| SOURCE MATERIAL |
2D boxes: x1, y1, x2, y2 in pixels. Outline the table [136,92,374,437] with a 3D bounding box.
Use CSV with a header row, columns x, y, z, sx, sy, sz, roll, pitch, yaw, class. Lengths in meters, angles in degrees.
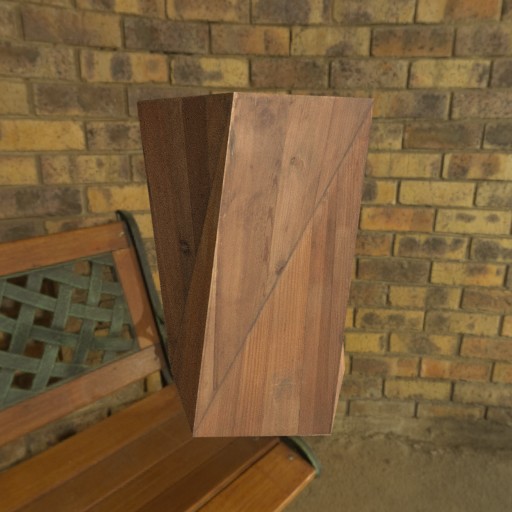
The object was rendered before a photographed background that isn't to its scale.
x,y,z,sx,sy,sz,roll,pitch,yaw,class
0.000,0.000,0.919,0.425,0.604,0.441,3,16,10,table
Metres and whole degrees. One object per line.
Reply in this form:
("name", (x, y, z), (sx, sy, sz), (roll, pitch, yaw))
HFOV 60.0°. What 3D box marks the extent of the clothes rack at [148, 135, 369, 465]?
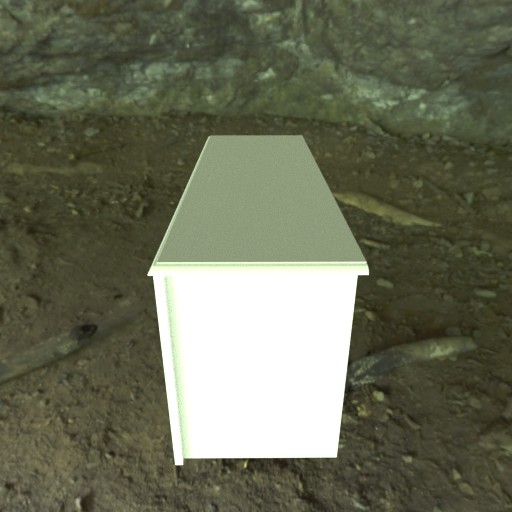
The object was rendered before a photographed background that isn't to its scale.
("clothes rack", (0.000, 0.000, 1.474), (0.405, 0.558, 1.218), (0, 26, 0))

==

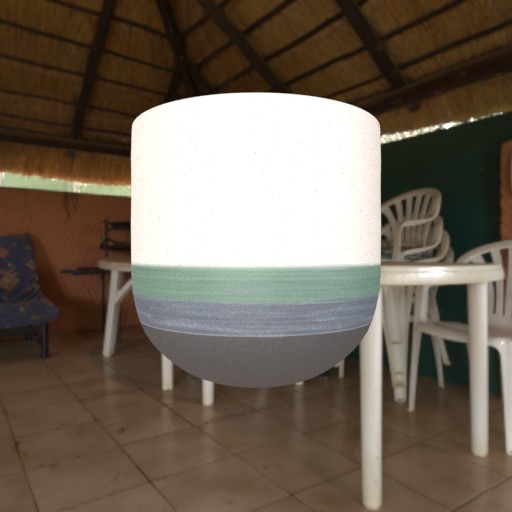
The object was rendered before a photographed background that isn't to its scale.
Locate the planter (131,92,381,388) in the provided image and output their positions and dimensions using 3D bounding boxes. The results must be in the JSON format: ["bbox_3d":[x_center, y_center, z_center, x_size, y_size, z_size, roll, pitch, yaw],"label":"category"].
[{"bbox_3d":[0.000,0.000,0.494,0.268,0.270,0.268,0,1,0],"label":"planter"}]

---

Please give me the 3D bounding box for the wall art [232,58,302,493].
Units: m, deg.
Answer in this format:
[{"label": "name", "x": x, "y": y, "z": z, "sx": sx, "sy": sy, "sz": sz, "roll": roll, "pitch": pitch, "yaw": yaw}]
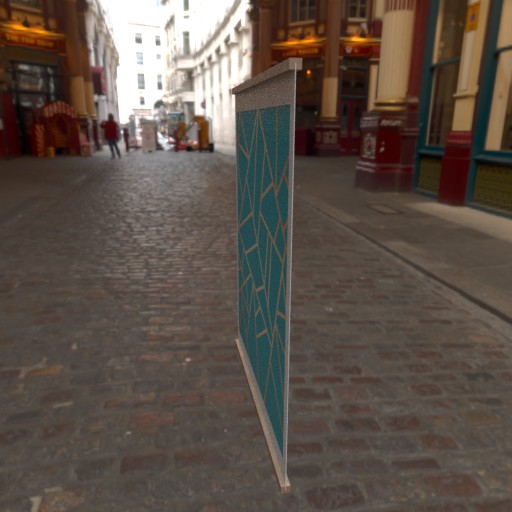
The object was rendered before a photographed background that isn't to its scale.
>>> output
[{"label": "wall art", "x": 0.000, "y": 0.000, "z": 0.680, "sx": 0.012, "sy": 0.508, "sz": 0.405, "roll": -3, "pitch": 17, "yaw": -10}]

| PROBLEM TO WORK ON |
Look over the listing above. Pick out and copy every line that includes "degrees".

| RESULT |
Use CSV with a header row, columns x, y, z, sx, sy, sz, roll, pitch, yaw, class. Lengths in meters, angles in degrees.
Metres and whole degrees. One object per line.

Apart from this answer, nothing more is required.